With the help of a rainfall dataset for Machakos, it is possible to examine these questions a little closer. In statistics, there is never enough data, and climate change data with their low signal to noise ratios are notorious. The analysis will, therefore, be ‘on the back of an envelope’, using a trick: the number of rainfall records can be predicted.

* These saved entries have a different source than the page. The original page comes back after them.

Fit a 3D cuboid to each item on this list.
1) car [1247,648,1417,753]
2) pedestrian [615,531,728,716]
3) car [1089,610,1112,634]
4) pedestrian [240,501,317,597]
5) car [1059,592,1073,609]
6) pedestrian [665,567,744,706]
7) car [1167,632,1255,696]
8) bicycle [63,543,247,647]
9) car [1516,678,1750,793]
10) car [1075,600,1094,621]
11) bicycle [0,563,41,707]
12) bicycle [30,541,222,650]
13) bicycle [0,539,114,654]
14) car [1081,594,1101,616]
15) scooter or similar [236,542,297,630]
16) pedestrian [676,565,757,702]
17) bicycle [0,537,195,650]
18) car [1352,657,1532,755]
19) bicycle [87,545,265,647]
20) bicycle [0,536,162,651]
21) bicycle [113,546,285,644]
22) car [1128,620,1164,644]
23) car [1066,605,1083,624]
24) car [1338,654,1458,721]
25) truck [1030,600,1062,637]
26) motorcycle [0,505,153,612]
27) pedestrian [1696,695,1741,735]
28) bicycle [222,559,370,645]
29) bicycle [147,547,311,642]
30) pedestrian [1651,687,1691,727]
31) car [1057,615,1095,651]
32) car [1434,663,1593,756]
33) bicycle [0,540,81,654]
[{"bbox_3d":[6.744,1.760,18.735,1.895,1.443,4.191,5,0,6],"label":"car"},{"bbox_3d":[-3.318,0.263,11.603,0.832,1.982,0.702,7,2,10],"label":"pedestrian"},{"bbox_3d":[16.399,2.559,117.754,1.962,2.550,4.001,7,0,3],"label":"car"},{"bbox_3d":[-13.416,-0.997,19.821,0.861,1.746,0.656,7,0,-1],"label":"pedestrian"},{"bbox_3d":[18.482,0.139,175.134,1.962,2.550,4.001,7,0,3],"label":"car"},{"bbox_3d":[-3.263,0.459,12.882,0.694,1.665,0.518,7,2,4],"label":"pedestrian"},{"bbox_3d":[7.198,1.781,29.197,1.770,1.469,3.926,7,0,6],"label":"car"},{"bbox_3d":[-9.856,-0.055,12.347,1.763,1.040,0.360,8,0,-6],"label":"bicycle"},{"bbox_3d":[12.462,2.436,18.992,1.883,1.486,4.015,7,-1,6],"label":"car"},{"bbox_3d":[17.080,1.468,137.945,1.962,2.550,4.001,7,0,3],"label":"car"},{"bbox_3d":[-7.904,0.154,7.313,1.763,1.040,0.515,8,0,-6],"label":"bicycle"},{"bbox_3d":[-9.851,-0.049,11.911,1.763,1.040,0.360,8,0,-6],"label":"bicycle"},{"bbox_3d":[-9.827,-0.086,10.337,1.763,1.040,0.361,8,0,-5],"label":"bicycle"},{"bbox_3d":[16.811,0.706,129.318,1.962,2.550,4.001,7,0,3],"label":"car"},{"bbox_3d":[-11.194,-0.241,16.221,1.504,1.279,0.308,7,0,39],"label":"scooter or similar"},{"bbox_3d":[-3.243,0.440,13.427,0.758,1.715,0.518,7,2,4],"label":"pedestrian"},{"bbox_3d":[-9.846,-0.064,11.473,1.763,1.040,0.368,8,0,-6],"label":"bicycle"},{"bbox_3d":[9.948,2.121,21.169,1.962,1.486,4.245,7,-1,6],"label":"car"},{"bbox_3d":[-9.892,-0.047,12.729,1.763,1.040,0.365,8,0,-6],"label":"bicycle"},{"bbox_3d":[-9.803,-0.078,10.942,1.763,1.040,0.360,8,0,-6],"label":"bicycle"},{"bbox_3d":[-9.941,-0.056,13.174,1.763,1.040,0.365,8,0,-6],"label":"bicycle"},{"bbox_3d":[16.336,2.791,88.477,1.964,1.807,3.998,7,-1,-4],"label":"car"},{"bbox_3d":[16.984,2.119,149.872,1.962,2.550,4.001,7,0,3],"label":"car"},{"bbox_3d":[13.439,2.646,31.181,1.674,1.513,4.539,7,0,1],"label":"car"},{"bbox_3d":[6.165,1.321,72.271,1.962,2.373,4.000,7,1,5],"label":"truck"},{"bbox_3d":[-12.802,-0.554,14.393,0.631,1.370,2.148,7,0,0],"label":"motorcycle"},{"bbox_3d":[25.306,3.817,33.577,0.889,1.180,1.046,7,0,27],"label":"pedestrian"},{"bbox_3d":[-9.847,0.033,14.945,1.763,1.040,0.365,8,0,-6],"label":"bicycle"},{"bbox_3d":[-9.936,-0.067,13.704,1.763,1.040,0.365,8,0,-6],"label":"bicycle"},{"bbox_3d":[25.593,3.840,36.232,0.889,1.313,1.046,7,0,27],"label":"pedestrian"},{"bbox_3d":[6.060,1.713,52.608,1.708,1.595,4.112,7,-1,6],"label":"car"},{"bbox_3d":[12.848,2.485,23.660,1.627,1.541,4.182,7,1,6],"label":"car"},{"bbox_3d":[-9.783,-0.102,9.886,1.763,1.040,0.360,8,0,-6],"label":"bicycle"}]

**Weather forecast: seasonal and unpredictable
**The dataset contains 30 years of data in periods of 10 days (dekads).

A first impression of the time series is obtained by decomposing the monthly rainfall data. An observed time series consists of a trend, a seasonal pattern, and the remainder. The plot shows a clear regular seasonal pattern, with a trend that stabilises on a slightly higher level after the year 2000. The irregular time-series is not as irregular as it should be, meaning that trend and seasonal pattern removal were not completely successful.

The raw rainfall pattern over the years is shown below.

**Monthly rainfall has very high year-to-year variations
**That’s a great deal of variation – how can this be summarized or reduced somewhat? Boxplots bring the solution, as they summarize the data in just 5 numbers: outliers (low), quartiles 25%, 50% (median) and 75% and outliers (high). The “box” contains 50% of the observations (quartiles 25% to 75%) and the median (quartile 50%). Outliers are exceptional values and these are shown as dots.

From these plots, it is clear that this seasonal rainfall pattern has large uncertainty margins. The rain will come, and the dry months will be absolutely dry, but everything else has large year-to-year variations.

**Total amount of rainfall varies with a factor two
**How about suffiency? The total rainfall is very variable – hard to see whether the total amount is changing with this amount of yearly data available.

At this point, the only thing you can say to a “rainfall complainer” is: “What did you expect? This climate *is* unpredictable.”. But these plots showed the rainfall patterns without considering whether they are changing or not.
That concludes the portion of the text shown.